[Assignment]
Would you please restate all of the entries exactly, apart from the pictures?

Start of Data for analysis

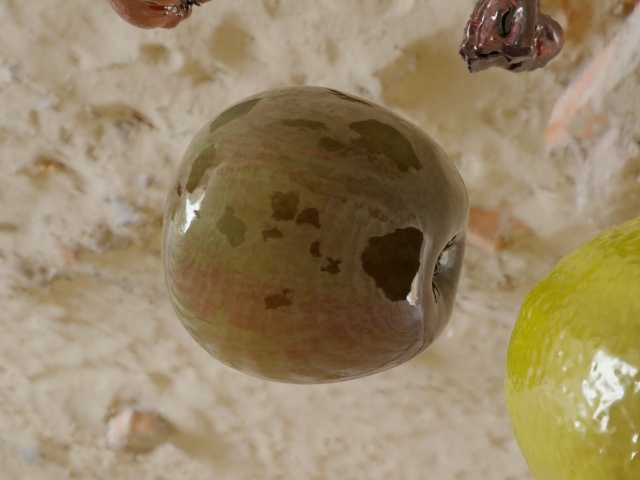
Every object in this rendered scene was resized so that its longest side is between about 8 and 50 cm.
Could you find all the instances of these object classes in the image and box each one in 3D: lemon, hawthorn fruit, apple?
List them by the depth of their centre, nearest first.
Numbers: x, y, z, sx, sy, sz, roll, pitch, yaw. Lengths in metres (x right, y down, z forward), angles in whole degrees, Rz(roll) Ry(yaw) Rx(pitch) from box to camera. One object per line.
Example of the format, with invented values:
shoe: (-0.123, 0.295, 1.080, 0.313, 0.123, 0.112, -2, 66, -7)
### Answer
lemon: (0.255, 0.102, 0.935, 0.245, 0.245, 0.320, 37, -179, -19)
apple: (0.000, 0.000, 1.182, 0.234, 0.257, 0.257, 16, 146, 20)
hawthorn fruit: (-0.162, -0.279, 1.351, 0.138, 0.133, 0.133, 60, 144, 7)

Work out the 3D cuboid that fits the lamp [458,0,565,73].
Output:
lamp: (0.153, -0.258, 1.150, 0.151, 0.223, 0.215, 9, 115, 29)
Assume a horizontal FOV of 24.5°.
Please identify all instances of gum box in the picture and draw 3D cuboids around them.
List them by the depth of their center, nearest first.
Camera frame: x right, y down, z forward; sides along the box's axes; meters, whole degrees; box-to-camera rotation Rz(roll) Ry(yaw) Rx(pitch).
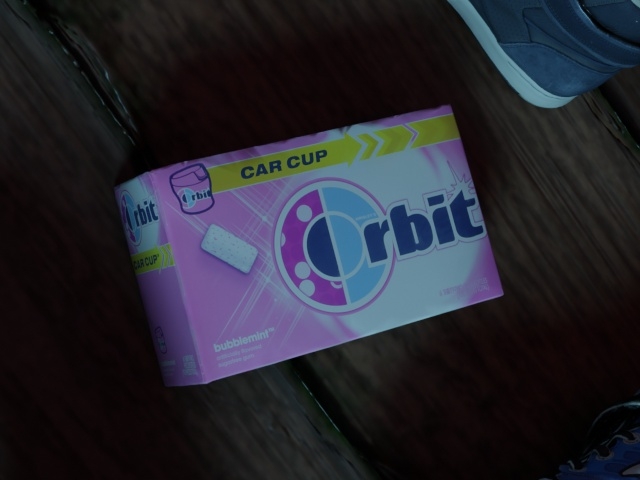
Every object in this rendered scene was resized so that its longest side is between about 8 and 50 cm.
[{"bbox_3d":[0.000,0.000,0.770,0.188,0.062,0.107,-14,90,-26],"label":"gum box"}]

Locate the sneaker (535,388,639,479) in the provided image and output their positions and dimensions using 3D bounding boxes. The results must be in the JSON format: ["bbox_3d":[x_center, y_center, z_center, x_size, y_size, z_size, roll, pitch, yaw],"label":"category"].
[{"bbox_3d":[0.163,0.148,0.813,0.330,0.130,0.147,6,66,-28],"label":"sneaker"}]

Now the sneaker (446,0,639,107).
[{"bbox_3d":[0.109,-0.178,0.792,0.226,0.163,0.086,43,69,-13],"label":"sneaker"}]

End of Data for analysis

[Task output]
Every object in this rendered scene was resized so that its longest side is between about 8 and 50 cm.
Could you find all the instances of these object classes in the image and box each one in 3D: lemon, hawthorn fruit, apple?
List them by the depth of their centre, nearest first.
Numbers: x, y, z, sx, sy, sz, roll, pitch, yaw. Lengths in metres (x right, y down, z forward), angles in whole degrees, Rz(roll) Ry(yaw) Rx(pitch) from box to camera. One object per line.
Example of the format, with invented values:
shoe: (-0.123, 0.295, 1.080, 0.313, 0.123, 0.112, -2, 66, -7)
### Answer
lemon: (0.255, 0.102, 0.935, 0.245, 0.245, 0.320, 37, -179, -19)
apple: (0.000, 0.000, 1.182, 0.234, 0.257, 0.257, 16, 146, 20)
hawthorn fruit: (-0.162, -0.279, 1.351, 0.138, 0.133, 0.133, 60, 144, 7)

Work out the 3D cuboid that fits the lamp [458,0,565,73].
Output:
lamp: (0.153, -0.258, 1.150, 0.151, 0.223, 0.215, 9, 115, 29)
Assume a horizontal FOV of 24.5°.
Please identify all instances of gum box in the picture and draw 3D cuboids around them.
List them by the depth of their center, nearest first.
Camera frame: x right, y down, z forward; sides along the box's axes; meters, whole degrees; box-to-camera rotation Rz(roll) Ry(yaw) Rx(pitch).
Every object in this rendered scene was resized so that its longest side is between about 8 and 50 cm.
[{"bbox_3d":[0.000,0.000,0.770,0.188,0.062,0.107,-14,90,-26],"label":"gum box"}]

Locate the sneaker (535,388,639,479) in the provided image and output their positions and dimensions using 3D bounding boxes. The results must be in the JSON format: ["bbox_3d":[x_center, y_center, z_center, x_size, y_size, z_size, roll, pitch, yaw],"label":"category"].
[{"bbox_3d":[0.163,0.148,0.813,0.330,0.130,0.147,6,66,-28],"label":"sneaker"}]

Now the sneaker (446,0,639,107).
[{"bbox_3d":[0.109,-0.178,0.792,0.226,0.163,0.086,43,69,-13],"label":"sneaker"}]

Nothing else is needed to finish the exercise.